Religion

Federal judge rules ‘religious freedom’ allows doctors to reject trans women and women who’ve had abortions

This Saturday, a U.S. federal judge ruled that doctors can refuse to treat transgender women and women who’ve had abortions if they feel it infringes upon their “religious freedom.”

According to Judge Reed O’Connor‘s ruling, laws put in place that forbid gender-based discrimination would require doctors “to remove the categorical exclusion of transitions and abortions (a condition they assert is a reflection of their religious beliefs and an exercise of their religion) and conduct an individualized assessment of every request for those procedures.”

O’Connor claimed the laws impose a “burden” on doctors who want to exercise their religious freedom, citing the Hobby Lobby ruling from 2014 which allowed family-owned corporations to refuse insurance coverage for birth control on the basis of religious beliefs.

“The ruling marks an extreme extension of the dubious logic behind the Supreme Court’s Burwell v.

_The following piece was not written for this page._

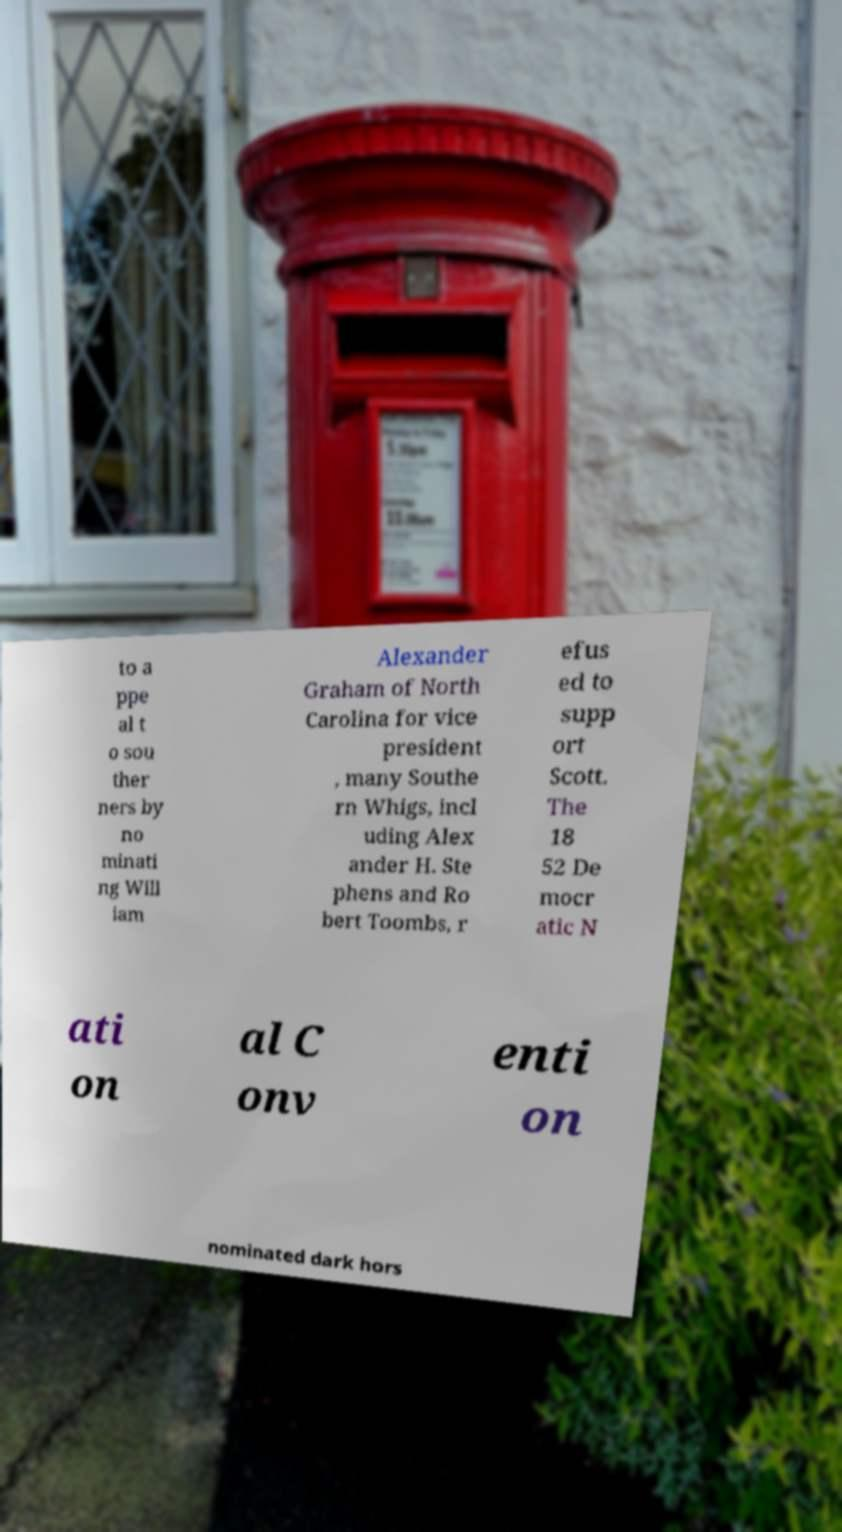Could you assist in decoding the text presented in this image and type it out clearly? to a ppe al t o sou ther ners by no minati ng Will iam Alexander Graham of North Carolina for vice president , many Southe rn Whigs, incl uding Alex ander H. Ste phens and Ro bert Toombs, r efus ed to supp ort Scott. The 18 52 De mocr atic N ati on al C onv enti on nominated dark hors

Hobby Lobby decision—and indicates that conservative courts believe the purported right of health care professionals to discriminate against patients trumps patients’ right to sound medical treatment,” Slate‘s Mark Joseph Stern writes.

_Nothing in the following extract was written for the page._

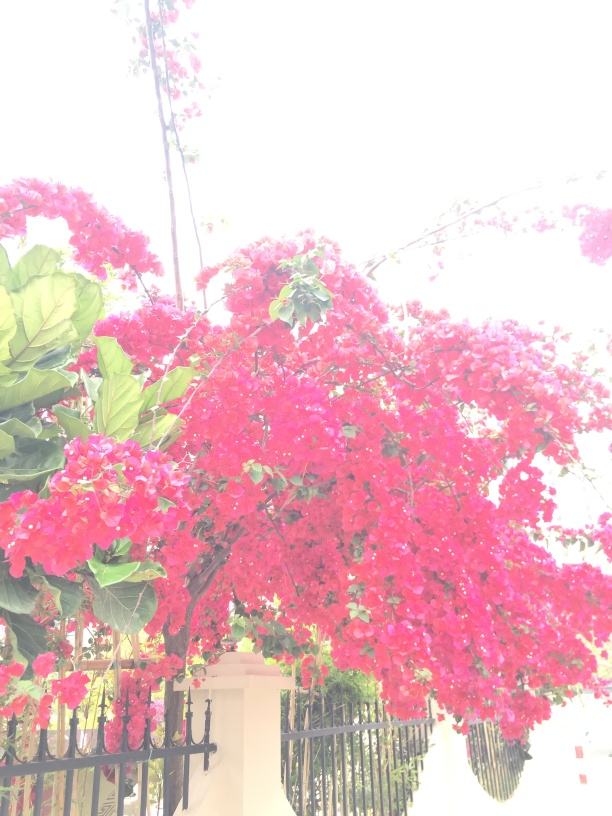How would you describe the overall clarity of this image? The image exhibits a degree of overexposure, particularly in the background areas where detail is lost, thus giving it an overall clarity that is somewhat compromised. The vivid red flowers in the foreground, however, are still distinguishable, but the image could benefit from better lighting balance to enhance clarity.

Stern adds that while current laws include “gender identity” and “termination of pregnancy” under the umbrella of sex discrimination, “O’Connor recognizes only one kind of sex discrimination: hostility against a man or woman for being a man or a woman.”

According to Stern, the most disturbing aspect of O’Connor’s ruling isn’t his usual “judicial chicanery regarding facts and precedent,” but his expansion of the Hobby Lobby precedent. Christian medical groups and insurance companies behind the lawsuit argue that treating transgender patients and women who’ve had abortions amounts to “material cooperation with evil,” a notion that O’Connor agrees with.

According to him, the law should favor this belief system over people’s need for medical care.

“The ramifications of this reasoning are chilling, especially for women and LGBTQ people,” Stern wrote. “Does RFRA bar the government from protecting gay people against medical discrimination? What about women who don’t wish to become pregnant?”

Stern writes:

Indeed, by the terms of [O’Connor’s] ruling, the government can’t require doctors and insurance companies to treat or cover anything they believe to be “evil.” Instead, the government must continually step in to insure unpopular patients and help them find a doctor who will deign to treat them. This system would completely upend medical practice in the United States, legalizing prejudice-based refusal of service and placing the burden on patients to find a doctor and insurance company who will provide the treatment they need. There is no clear limit to the damage that O’Connor’s ruling could do. It appears that in our post–Hobby Lobby world, patients who draw ire from conservative Christians must get used to being deprived of insurance and denied medical treatment solely on account of their identities.

In other words, your doctor can refuse to see you if he/she decides you’re evil.